- **ACTION ITEM**
Every line with "image" in it should be copied from the data.

** Opening RECORDS PROVIDED block **

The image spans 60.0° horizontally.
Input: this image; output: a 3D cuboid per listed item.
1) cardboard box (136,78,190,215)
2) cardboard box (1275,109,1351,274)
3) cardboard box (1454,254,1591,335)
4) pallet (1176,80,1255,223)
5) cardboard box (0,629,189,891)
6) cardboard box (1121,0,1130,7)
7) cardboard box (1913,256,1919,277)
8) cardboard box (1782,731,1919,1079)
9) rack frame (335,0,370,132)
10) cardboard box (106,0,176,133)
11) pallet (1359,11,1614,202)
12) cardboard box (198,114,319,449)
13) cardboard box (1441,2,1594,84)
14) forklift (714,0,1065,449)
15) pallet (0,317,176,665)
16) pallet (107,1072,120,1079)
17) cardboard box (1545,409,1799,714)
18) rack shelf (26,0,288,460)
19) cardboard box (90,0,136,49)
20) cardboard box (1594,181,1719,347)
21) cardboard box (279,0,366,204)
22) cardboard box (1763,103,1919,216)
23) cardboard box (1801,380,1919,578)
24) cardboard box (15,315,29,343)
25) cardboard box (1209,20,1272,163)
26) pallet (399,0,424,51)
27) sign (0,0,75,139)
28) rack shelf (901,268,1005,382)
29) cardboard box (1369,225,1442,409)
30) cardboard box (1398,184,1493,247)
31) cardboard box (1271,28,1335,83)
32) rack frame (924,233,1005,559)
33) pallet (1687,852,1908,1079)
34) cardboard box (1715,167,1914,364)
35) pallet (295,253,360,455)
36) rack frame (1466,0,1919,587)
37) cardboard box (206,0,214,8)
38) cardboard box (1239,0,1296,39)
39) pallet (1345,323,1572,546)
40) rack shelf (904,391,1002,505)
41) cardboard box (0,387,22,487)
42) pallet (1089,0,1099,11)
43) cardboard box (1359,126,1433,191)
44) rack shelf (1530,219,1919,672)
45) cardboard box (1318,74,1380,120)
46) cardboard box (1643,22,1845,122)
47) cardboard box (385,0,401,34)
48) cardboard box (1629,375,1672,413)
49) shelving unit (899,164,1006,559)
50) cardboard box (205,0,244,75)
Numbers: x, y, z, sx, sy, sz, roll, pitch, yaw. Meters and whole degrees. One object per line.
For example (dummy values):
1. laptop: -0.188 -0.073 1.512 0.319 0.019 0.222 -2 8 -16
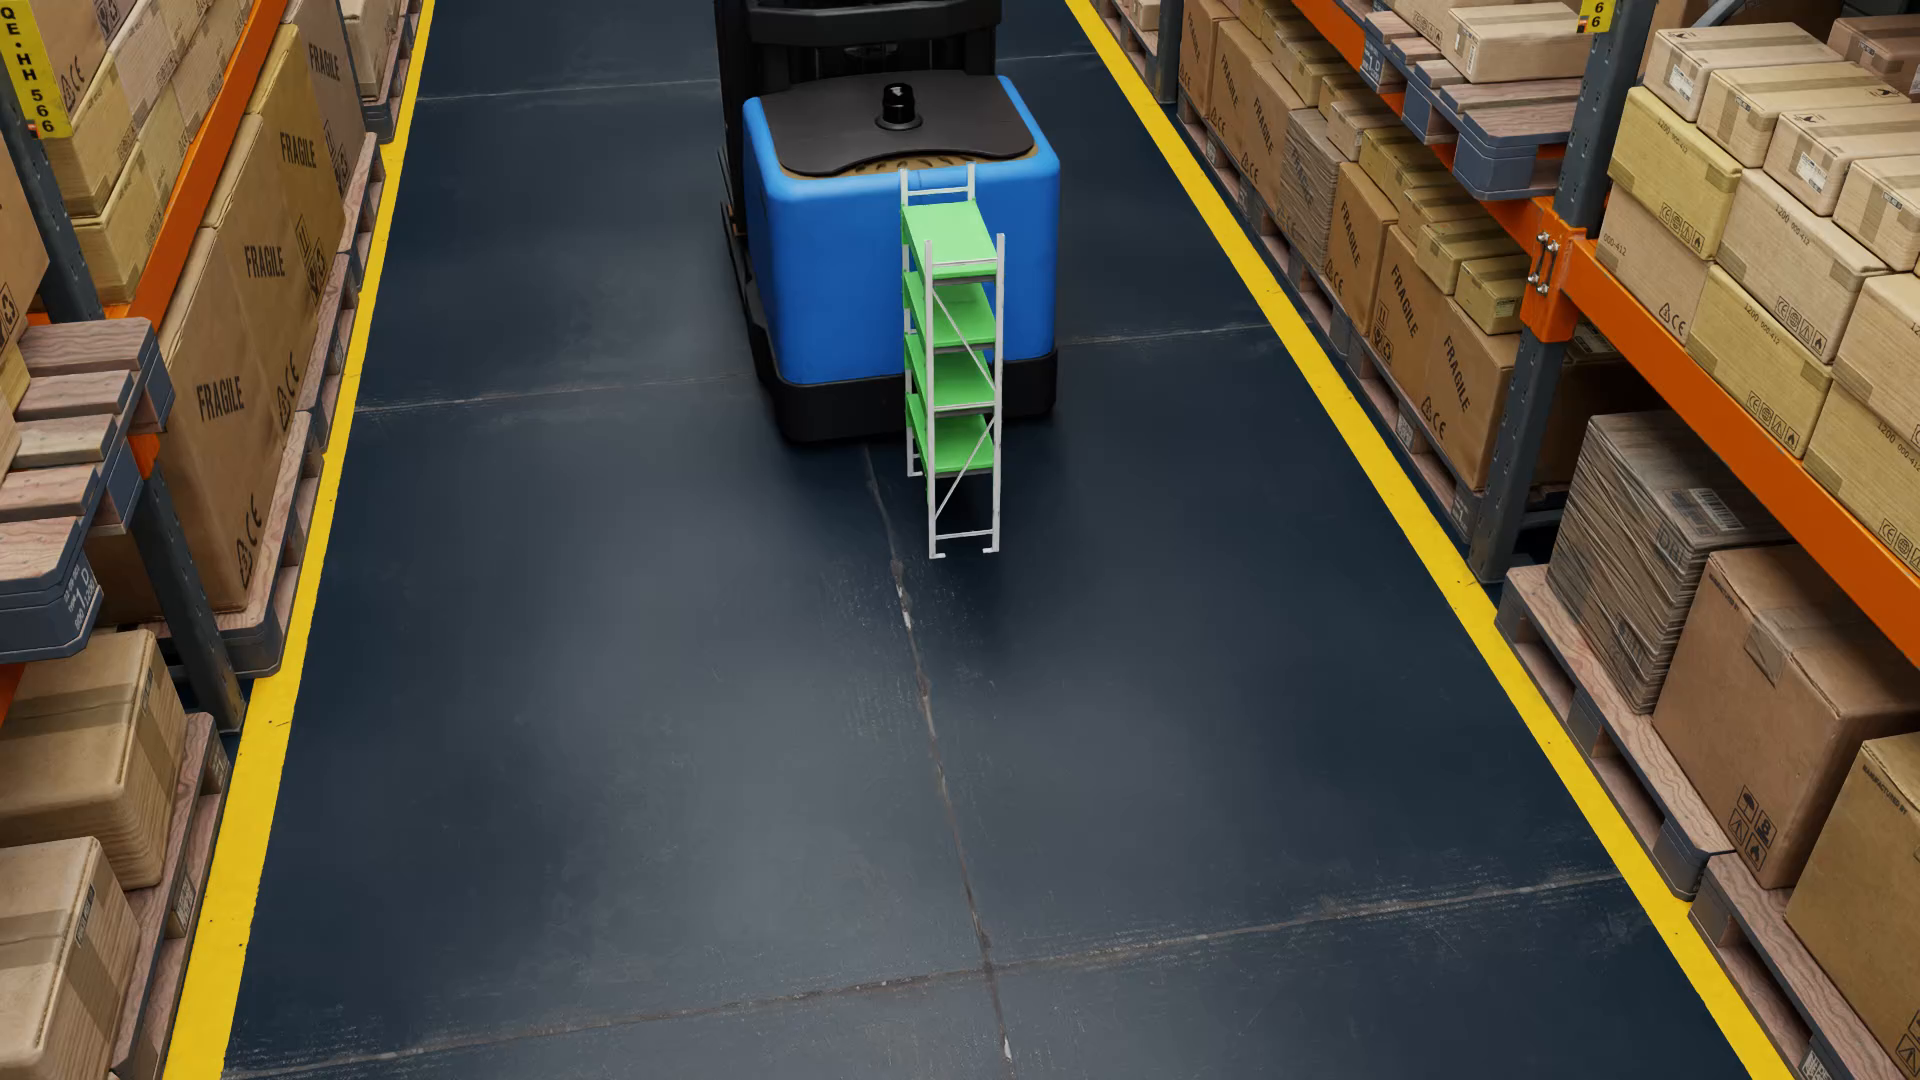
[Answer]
1. cardboard box: -2.611 -1.156 4.915 0.500 0.250 0.500 -7 38 -9
2. cardboard box: 1.654 -1.462 6.882 0.500 0.500 0.500 -8 38 -10
3. cardboard box: 1.885 -0.826 5.535 0.380 0.149 0.250 -8 39 -10
4. pallet: 1.699 -1.948 8.085 1.003 0.211 1.213 -6 38 -8
5. cardboard box: -2.576 0.630 4.293 0.950 0.372 0.625 -9 39 -11
6. cardboard box: 1.070 -3.143 9.237 0.396 0.266 0.258 -5 38 -6
7. cardboard box: 2.237 -0.573 3.432 0.380 0.149 0.250 -6 38 -7
8. cardboard box: 2.557 0.831 3.829 0.875 0.625 0.625 -8 39 -10
9. rack frame: -3.367 -3.000 7.167 1.000 3.000 0.127 -6 38 -8
10. cardboard box: -2.601 -1.367 4.779 0.500 0.250 0.500 -5 38 -7
11. pallet: 2.033 -1.446 5.323 1.213 0.211 1.003 -6 38 -8
12. cardboard box: -2.857 -0.876 5.822 0.875 0.875 0.875 -6 38 -7
13. cardboard box: 1.728 -1.542 5.153 0.380 0.149 0.250 -6 38 -7
14. forklift: -0.443 -2.394 6.442 1.130 2.935 3.031 -8 39 -10
15. pallet: -2.435 -0.089 3.576 1.213 0.211 1.003 -6 38 -8
16. pallet: -2.319 1.725 3.358 1.003 0.211 1.213 -6 38 -8
17. cardboard box: 2.317 0.030 4.860 0.875 0.625 0.625 -5 38 -7
18. rack shelf: -3.016 -1.508 5.832 1.077 0.370 4.000 -6 38 -8
19. cardboard box: -2.607 -1.641 4.521 0.500 0.500 0.500 -6 38 -8
20. cardboard box: 2.058 -0.767 4.414 0.500 0.250 0.500 -6 38 -8
21. cardboard box: -3.179 -1.961 7.219 0.875 0.875 0.875 -5 38 -7
22. cardboard box: 2.105 -0.878 3.825 0.380 0.149 0.250 -5 38 -7
23. cardboard box: 2.239 -0.152 3.623 0.500 0.250 0.500 -7 38 -9
24. cardboard box: -2.376 -0.478 3.783 0.380 0.149 0.250 -5 38 -6
25. cardboard box: 1.486 -2.078 7.675 0.500 0.500 0.500 -7 38 -9
26. pallet: -3.640 -3.105 9.575 1.003 0.211 1.213 -6 38 -8
27. sign: -2.133 -1.074 3.808 0.100 0.325 0.005 -6 38 -8
28. rack shelf: -0.029 -0.713 5.403 0.258 0.148 0.480 -6 38 -8
29. cardboard box: 1.858 -0.834 6.074 0.500 0.500 0.500 -7 38 -9
30. cardboard box: 1.804 -1.151 5.953 0.380 0.149 0.250 -7 38 -9
31. cardboard box: 1.570 -2.094 7.167 0.380 0.149 0.250 -6 38 -8
32. rack frame: 0.014 -0.426 5.321 0.240 1.200 0.015 -6 38 -8
33. pallet: 2.537 1.218 4.010 1.003 0.211 1.213 -6 38 -8
34. cardboard box: 2.145 -0.661 3.871 0.500 0.250 0.500 -5 38 -7
35. pallet: -2.940 -0.702 6.482 1.003 0.211 1.213 -6 38 -8
36. rack frame: 2.221 -1.120 4.747 1.000 3.000 0.127 -6 38 -8
37. cardboard box: -2.752 -1.977 5.565 0.500 0.250 0.500 -6 38 -7
38. cardboard box: 1.501 -2.413 7.577 0.380 0.149 0.250 -8 39 -10
39. pallet: 2.127 -0.474 6.188 1.003 0.211 1.213 -6 38 -8
40. rack shelf: -0.029 -0.334 5.697 0.258 0.148 0.480 -6 38 -8
41. cardboard box: -2.170 -0.176 3.395 0.380 0.149 0.250 -7 38 -8
42. pallet: 1.183 -3.588 10.197 1.003 0.211 1.213 -6 38 -8
43. cardboard box: 1.758 -1.466 6.359 0.380 0.149 0.250 -7 38 -9
44. rack shelf: 2.571 0.372 3.413 1.077 0.370 4.000 -6 38 -8
45. cardboard box: 1.687 -1.784 6.768 0.380 0.149 0.250 -6 38 -8
46. cardboard box: 1.987 -1.192 4.228 0.380 0.149 0.250 -5 38 -7
47. cardboard box: -3.529 -3.085 9.023 0.875 0.438 0.875 -7 38 -9
48. cardboard box: 2.423 -0.583 5.751 0.500 0.500 0.500 -5 38 -6
49. shelving unit: -0.029 -0.574 5.511 0.258 1.200 0.503 -6 38 -8
50. cardboard box: -2.787 -1.771 5.707 0.500 0.250 0.500 -6 38 -8

** Closing RECORDS PROVIDED block **

- **OUTPUT FOR THIS EXERCISE**
The image spans 60.0° horizontally.
Input: this image; output: a 3D cuboid per listed item.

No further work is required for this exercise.